◆ ABOUT THIS EXERCISE ◆
Extract the run of lines that starts at the top of the records below and ends at the line with "Viewport: 924px width, 1307px height.", keeping both ends and excluding pictures.
START EXTRACTED DATA
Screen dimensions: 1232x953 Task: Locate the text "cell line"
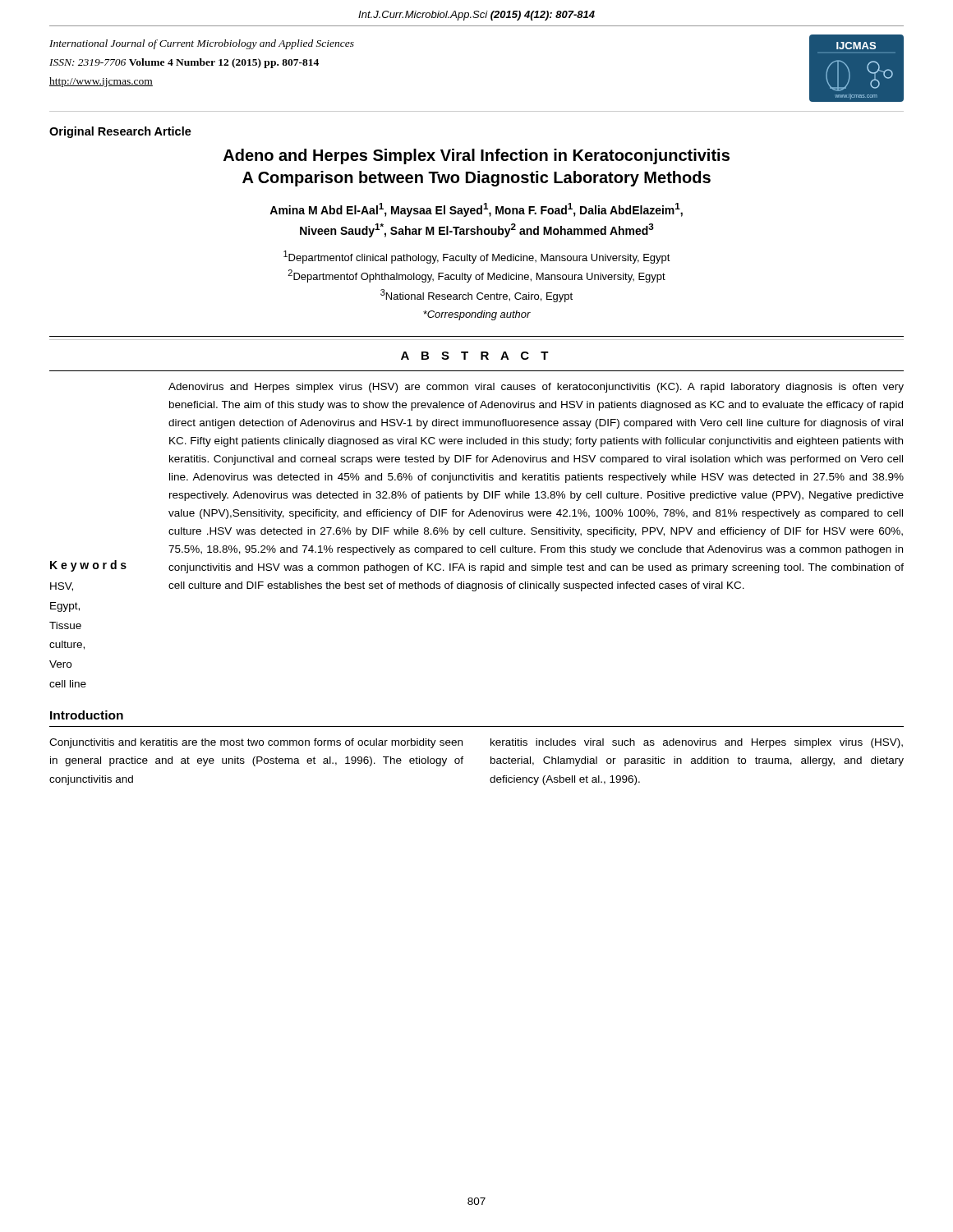68,683
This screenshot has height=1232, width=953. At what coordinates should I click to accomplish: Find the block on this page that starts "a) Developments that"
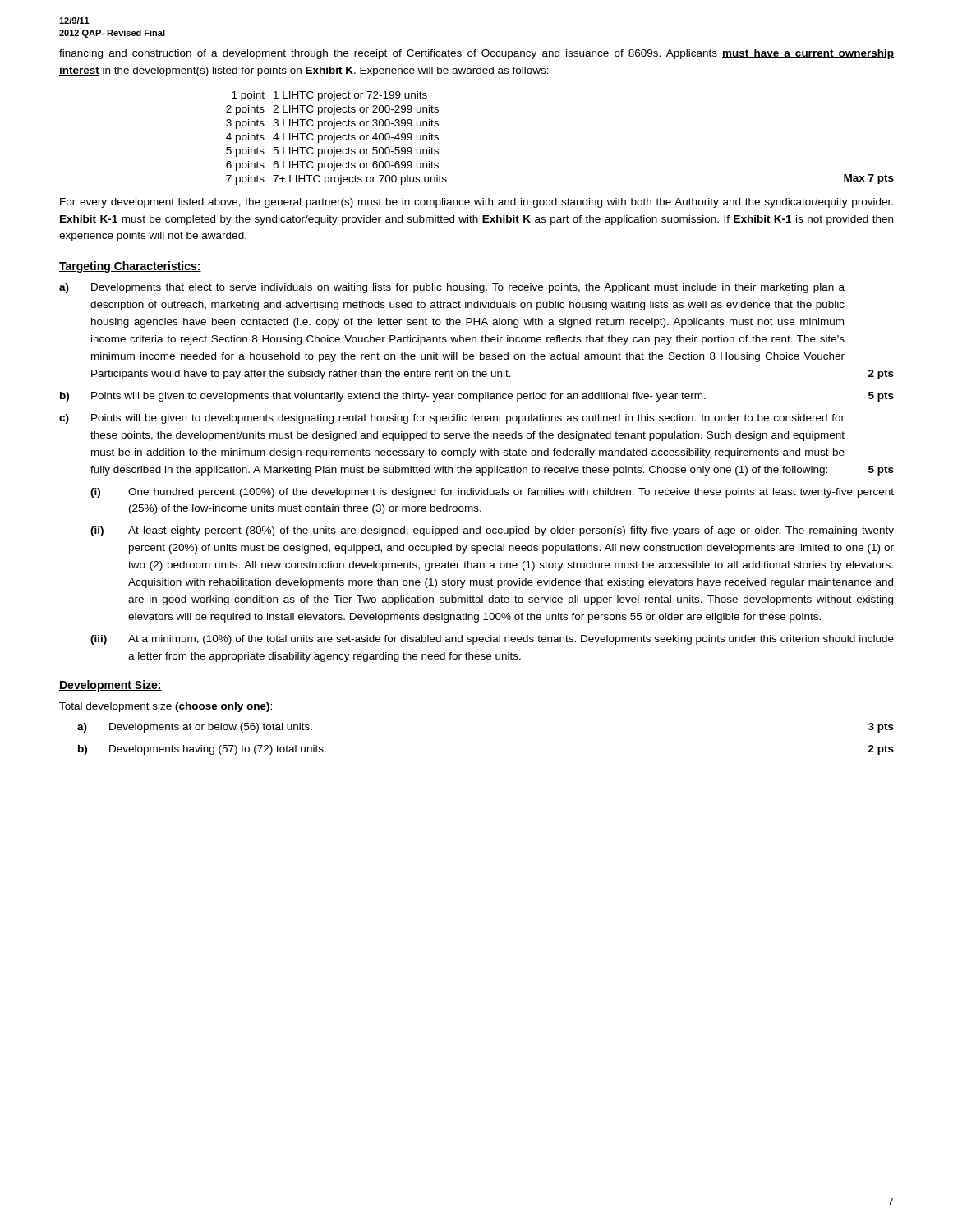pyautogui.click(x=476, y=331)
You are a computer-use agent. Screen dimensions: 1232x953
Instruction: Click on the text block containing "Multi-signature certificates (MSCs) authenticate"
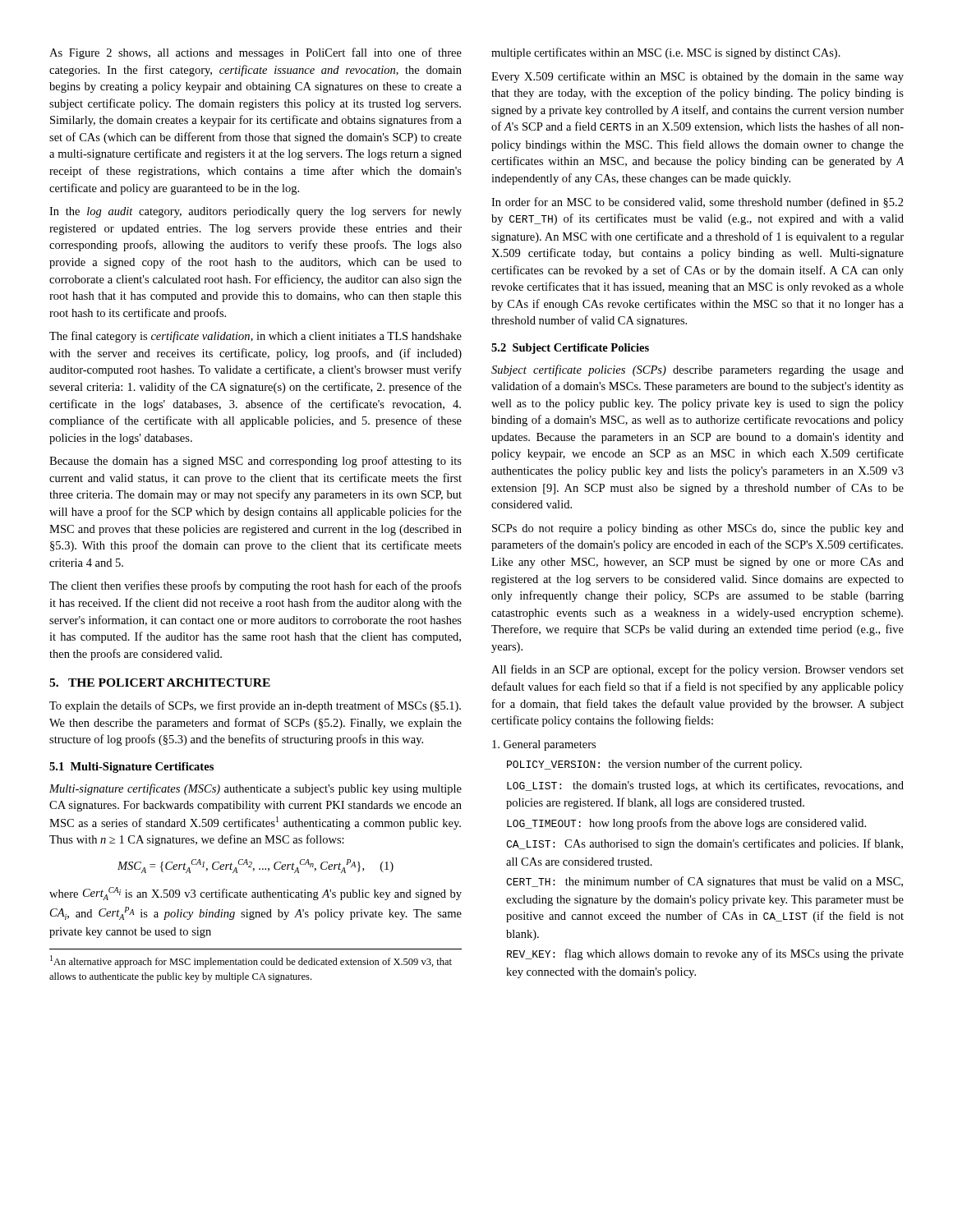255,814
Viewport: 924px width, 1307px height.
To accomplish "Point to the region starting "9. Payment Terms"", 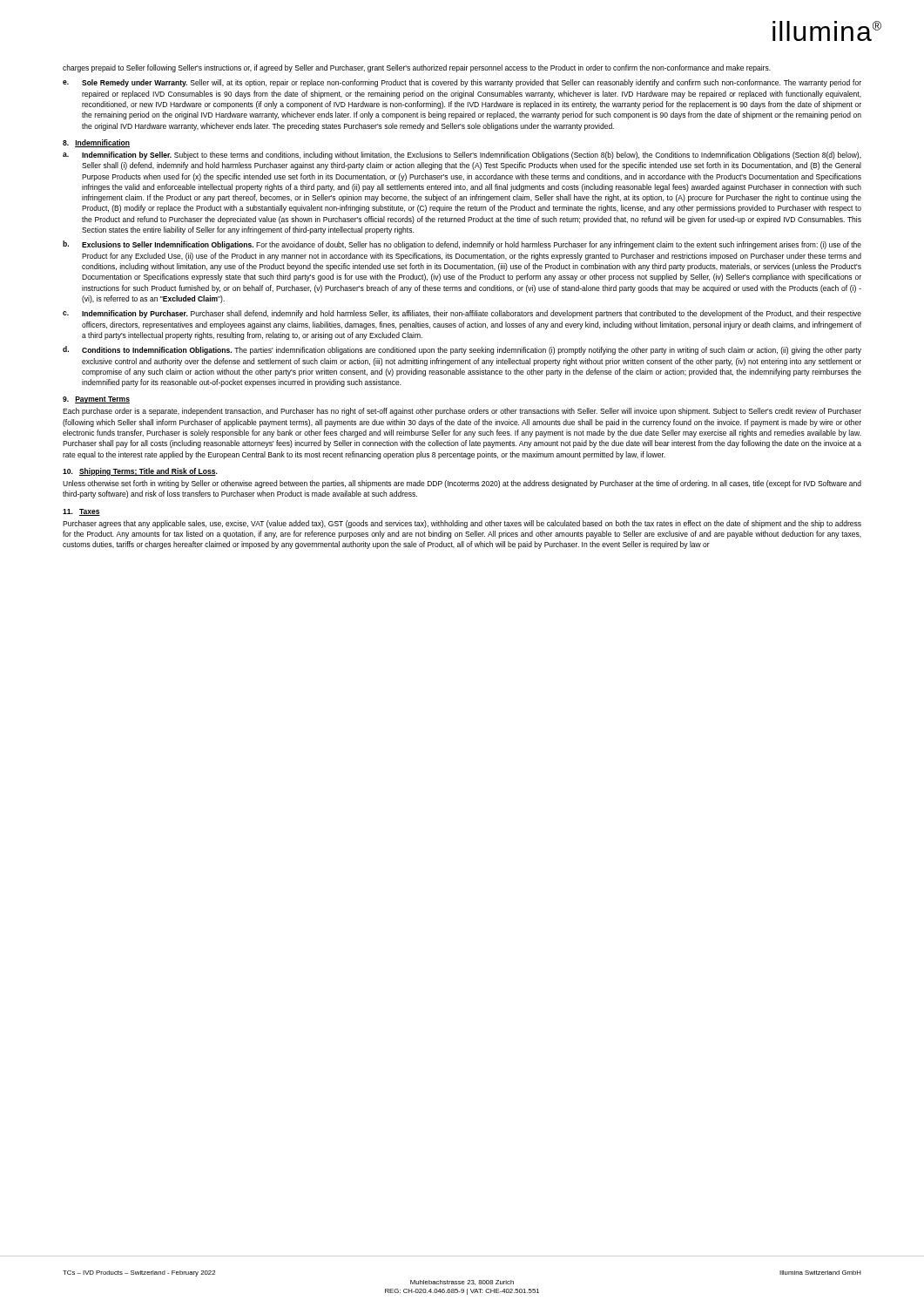I will click(x=96, y=399).
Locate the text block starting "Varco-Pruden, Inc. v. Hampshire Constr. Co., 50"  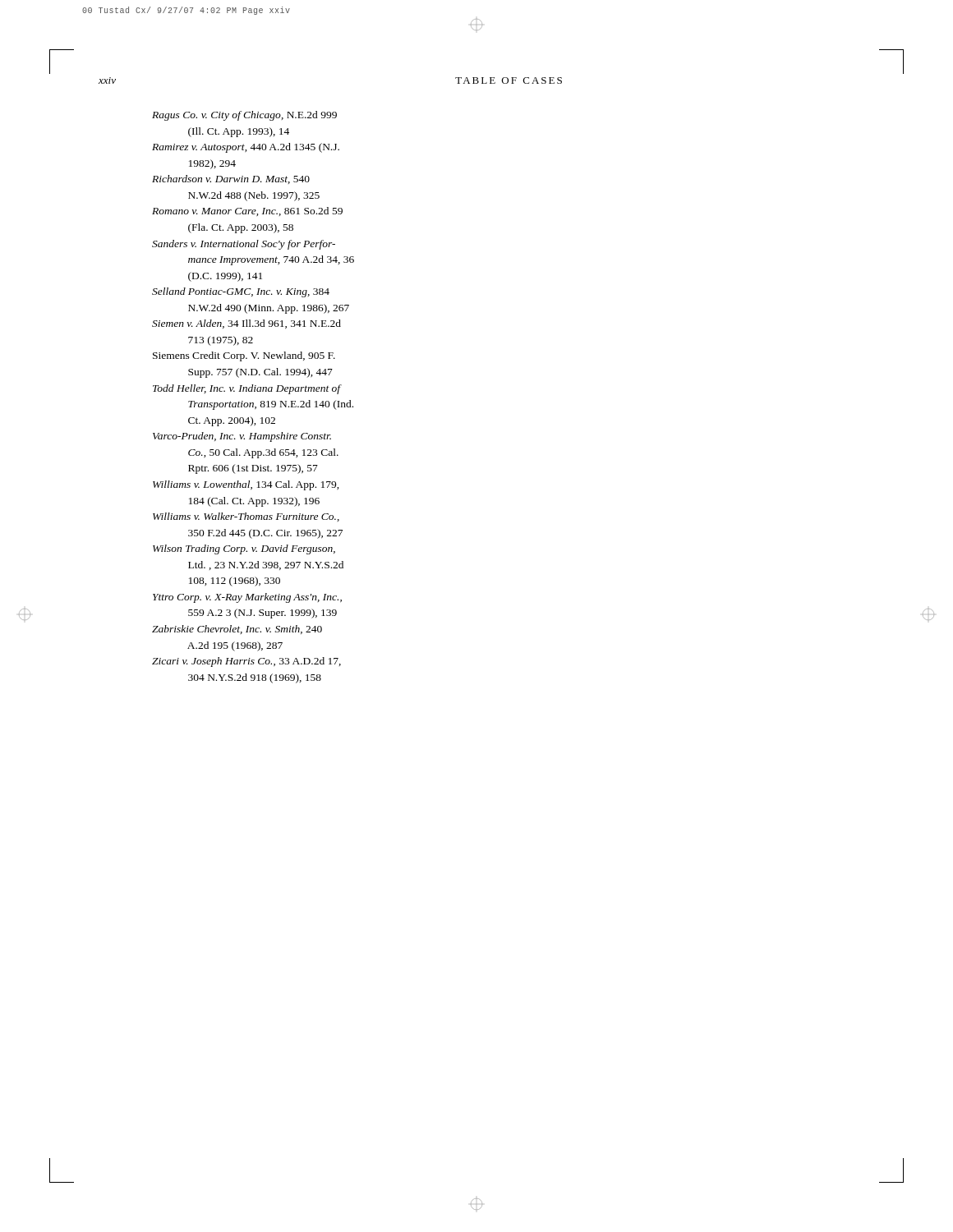tap(245, 452)
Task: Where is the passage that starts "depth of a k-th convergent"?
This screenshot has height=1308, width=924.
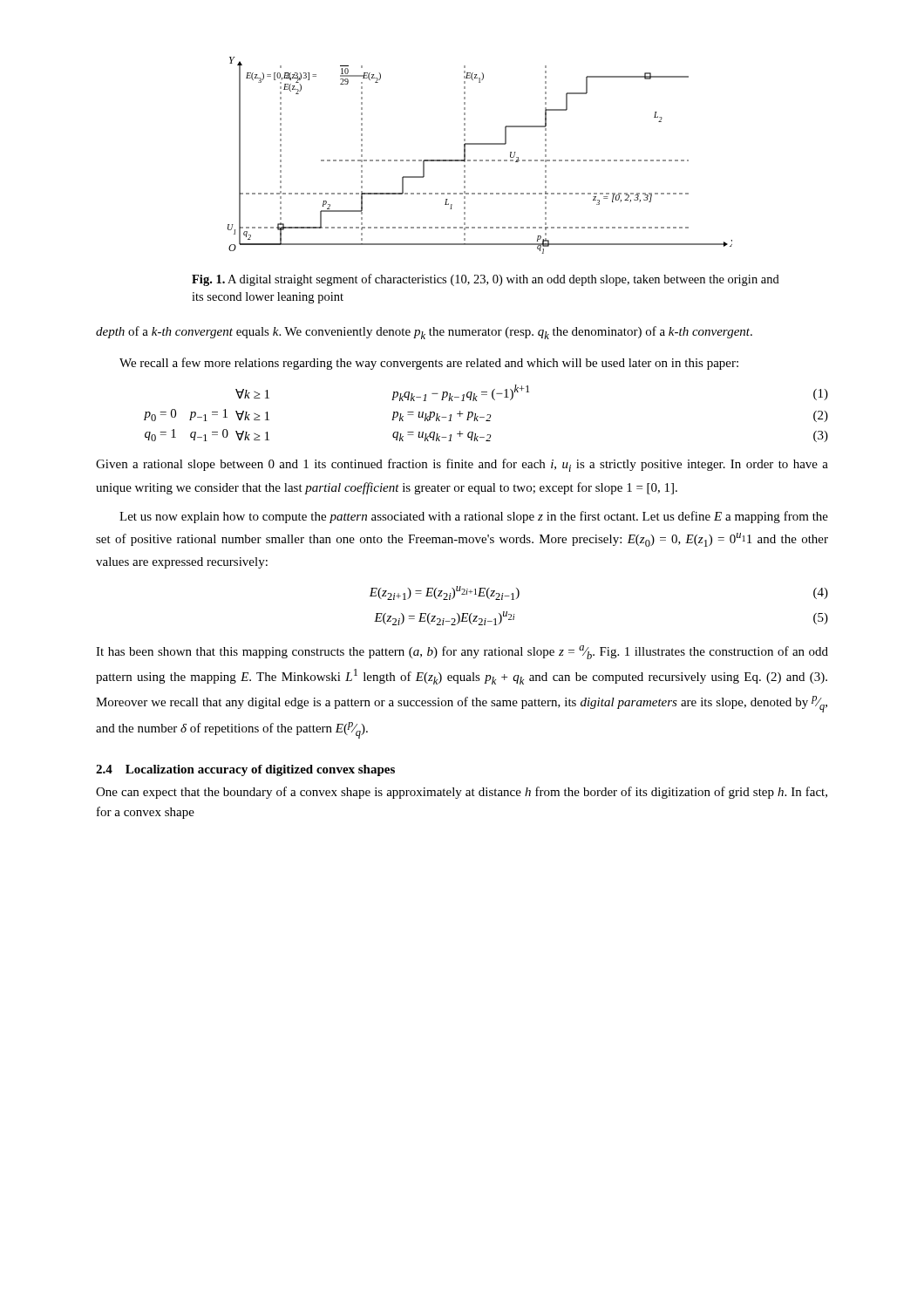Action: tap(424, 333)
END EXTRACTED DATA
◆ EXPECTED OUTPUT ◆
Screen dimensions: 1232x953 Task: Locate the text "cell line"
68,683
This screenshot has height=1232, width=953. At what coordinates should I click to accomplish: Find the block on this page that starts "a) Developments that"
pyautogui.click(x=476, y=331)
You are a computer-use agent. Screen dimensions: 1232x953
Instruction: Click on the text block containing "Multi-signature certificates (MSCs) authenticate"
255,814
Viewport: 924px width, 1307px height.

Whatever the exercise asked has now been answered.